■ TASK REQUIREMENTS:
Search the data below, and report every line in which "right" occurs.

■ RECORDS SUPPLIED:
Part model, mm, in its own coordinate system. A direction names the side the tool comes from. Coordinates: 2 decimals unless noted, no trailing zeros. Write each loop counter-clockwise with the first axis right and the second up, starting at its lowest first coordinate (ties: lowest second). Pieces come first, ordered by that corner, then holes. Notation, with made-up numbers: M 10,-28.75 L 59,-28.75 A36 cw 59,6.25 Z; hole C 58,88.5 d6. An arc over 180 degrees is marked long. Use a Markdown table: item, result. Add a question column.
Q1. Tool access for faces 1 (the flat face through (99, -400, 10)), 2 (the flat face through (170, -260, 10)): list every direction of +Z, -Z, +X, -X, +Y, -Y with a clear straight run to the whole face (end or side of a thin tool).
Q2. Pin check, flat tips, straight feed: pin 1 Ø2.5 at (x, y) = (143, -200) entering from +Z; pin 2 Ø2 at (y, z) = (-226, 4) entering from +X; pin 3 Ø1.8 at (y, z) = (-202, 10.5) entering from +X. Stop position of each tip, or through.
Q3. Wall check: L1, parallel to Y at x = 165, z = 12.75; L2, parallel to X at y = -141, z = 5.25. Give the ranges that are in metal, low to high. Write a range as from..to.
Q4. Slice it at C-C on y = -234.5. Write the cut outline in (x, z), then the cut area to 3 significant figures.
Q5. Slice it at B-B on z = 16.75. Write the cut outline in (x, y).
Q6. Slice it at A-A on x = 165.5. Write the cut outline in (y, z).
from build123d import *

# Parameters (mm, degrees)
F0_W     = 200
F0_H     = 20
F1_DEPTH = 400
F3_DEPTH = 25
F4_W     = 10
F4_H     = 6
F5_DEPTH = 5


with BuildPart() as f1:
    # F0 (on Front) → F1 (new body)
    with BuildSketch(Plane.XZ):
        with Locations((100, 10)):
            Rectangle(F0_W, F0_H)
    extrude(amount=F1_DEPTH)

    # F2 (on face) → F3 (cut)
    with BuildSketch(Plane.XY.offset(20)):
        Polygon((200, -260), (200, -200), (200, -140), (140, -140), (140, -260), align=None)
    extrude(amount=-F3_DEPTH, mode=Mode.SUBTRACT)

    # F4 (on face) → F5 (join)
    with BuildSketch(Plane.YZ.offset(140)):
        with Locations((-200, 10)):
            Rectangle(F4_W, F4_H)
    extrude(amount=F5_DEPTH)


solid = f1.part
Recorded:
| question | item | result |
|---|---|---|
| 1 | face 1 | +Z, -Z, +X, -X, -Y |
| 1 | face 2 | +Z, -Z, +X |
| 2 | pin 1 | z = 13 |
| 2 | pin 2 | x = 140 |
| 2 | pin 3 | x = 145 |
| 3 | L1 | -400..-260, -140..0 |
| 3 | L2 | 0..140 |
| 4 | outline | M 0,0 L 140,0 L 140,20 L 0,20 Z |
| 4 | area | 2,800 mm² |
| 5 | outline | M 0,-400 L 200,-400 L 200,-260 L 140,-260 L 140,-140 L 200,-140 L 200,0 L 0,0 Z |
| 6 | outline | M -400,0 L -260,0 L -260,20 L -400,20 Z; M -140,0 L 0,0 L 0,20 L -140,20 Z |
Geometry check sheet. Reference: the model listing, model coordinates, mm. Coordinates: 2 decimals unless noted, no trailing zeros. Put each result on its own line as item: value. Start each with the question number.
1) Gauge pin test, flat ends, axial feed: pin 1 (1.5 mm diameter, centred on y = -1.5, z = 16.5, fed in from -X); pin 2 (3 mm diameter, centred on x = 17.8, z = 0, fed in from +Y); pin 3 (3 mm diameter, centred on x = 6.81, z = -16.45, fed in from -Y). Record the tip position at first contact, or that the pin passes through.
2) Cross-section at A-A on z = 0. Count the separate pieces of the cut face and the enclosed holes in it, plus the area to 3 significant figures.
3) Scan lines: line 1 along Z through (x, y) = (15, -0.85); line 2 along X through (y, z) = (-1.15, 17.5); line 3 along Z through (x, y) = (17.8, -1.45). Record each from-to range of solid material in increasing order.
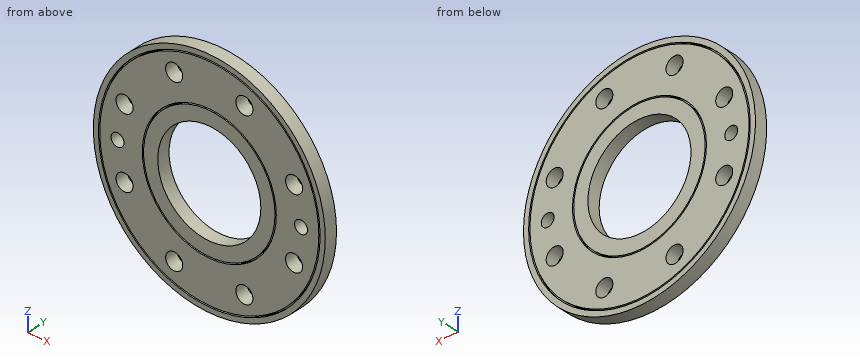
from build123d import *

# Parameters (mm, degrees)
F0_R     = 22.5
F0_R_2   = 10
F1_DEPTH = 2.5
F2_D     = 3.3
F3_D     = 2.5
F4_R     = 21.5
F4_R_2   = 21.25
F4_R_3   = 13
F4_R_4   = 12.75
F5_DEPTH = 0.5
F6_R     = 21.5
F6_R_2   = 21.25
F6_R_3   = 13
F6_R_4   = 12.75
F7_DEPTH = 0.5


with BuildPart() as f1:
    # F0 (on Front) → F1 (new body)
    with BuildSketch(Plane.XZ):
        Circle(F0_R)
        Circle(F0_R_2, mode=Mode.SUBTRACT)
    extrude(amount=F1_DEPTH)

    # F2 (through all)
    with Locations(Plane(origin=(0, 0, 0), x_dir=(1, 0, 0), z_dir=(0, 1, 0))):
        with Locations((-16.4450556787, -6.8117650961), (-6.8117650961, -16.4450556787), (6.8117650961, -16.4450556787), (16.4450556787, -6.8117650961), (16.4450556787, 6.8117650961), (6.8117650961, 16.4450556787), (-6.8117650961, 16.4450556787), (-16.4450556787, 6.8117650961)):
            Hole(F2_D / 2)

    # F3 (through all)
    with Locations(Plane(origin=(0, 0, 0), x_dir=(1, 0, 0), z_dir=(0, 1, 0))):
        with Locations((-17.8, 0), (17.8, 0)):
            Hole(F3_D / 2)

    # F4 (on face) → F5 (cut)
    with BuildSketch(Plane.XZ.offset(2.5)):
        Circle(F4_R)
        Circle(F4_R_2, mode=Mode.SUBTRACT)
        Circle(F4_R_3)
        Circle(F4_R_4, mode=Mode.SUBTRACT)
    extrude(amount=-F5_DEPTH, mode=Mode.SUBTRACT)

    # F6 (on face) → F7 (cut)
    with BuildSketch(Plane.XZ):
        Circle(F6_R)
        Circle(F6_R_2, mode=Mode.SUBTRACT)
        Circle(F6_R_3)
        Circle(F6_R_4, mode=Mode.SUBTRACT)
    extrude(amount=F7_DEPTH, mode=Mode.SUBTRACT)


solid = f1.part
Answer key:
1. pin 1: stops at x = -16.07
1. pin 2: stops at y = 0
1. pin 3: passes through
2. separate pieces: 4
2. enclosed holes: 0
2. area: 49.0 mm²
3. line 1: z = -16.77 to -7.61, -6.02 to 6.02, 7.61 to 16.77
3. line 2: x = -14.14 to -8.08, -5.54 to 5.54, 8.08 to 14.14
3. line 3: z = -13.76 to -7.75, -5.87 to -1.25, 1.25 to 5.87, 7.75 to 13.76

* * *

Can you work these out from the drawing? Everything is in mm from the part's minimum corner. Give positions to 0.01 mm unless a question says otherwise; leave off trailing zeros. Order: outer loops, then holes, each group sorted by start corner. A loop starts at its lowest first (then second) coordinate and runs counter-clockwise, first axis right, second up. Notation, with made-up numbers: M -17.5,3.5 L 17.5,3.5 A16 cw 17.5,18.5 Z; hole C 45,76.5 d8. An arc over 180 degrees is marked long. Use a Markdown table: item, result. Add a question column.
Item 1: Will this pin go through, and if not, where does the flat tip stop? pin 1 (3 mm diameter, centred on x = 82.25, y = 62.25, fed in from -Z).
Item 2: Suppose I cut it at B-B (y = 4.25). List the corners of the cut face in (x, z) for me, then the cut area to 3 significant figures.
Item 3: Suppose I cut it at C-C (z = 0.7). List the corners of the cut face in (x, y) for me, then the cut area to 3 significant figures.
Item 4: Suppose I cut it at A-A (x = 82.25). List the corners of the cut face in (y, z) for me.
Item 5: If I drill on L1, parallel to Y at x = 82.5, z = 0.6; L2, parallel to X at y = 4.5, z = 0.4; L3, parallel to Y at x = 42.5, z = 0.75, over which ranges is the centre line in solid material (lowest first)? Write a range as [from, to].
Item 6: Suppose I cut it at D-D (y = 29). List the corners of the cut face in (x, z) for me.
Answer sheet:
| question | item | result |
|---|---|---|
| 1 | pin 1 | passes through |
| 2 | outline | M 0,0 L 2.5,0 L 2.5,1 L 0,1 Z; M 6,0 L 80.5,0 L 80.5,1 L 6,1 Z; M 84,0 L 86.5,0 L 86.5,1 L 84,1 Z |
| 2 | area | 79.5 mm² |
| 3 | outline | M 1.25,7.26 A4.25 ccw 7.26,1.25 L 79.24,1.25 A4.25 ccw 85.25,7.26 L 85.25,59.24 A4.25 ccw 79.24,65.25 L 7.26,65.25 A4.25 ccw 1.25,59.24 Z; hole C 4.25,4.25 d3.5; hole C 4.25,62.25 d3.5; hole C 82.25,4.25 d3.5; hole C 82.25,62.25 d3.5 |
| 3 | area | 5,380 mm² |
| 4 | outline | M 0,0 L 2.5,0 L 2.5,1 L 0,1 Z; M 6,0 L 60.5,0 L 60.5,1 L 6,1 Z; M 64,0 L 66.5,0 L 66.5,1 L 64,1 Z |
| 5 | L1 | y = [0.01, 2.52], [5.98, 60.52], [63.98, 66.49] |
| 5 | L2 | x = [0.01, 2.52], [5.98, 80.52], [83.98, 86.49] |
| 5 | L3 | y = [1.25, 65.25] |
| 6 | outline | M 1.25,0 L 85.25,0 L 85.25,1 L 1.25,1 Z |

■ RESPONSE TO THE TASK:
Part model, mm, in its own coordinate system. A direction names the side the tool comes from. Coordinates: 2 decimals unless noted, no trailing zeros. Write each loop counter-clockwise with the first axis right and the second up, starting at its lowest first coordinate (ties: lowest second). Pieces come first, ordered by that corner, then holes. Notation, with made-up numbers: M 10,-28.75 L 59,-28.75 A36 cw 59,6.25 Z; hole C 58,88.5 d6. An arc over 180 degrees is marked long. Use a Markdown table: item, result. Add a question column.
Can you work these out from the drawing? Everything is in mm from the part's minimum corner. Give positions to 0.01 mm unless a question says otherwise; leave off trailing zeros. Order: outer loops, then holes, each group sorted by start corner. A loop starts at its lowest first (then second) coordinate and runs counter-clockwise, first axis right, second up. Notation, with made-up numbers: M -17.5,3.5 L 17.5,3.5 A16 cw 17.5,18.5 Z; hole C 45,76.5 d8. An arc over 180 degrees is marked long. Use a Markdown table: item, result. Add a question column.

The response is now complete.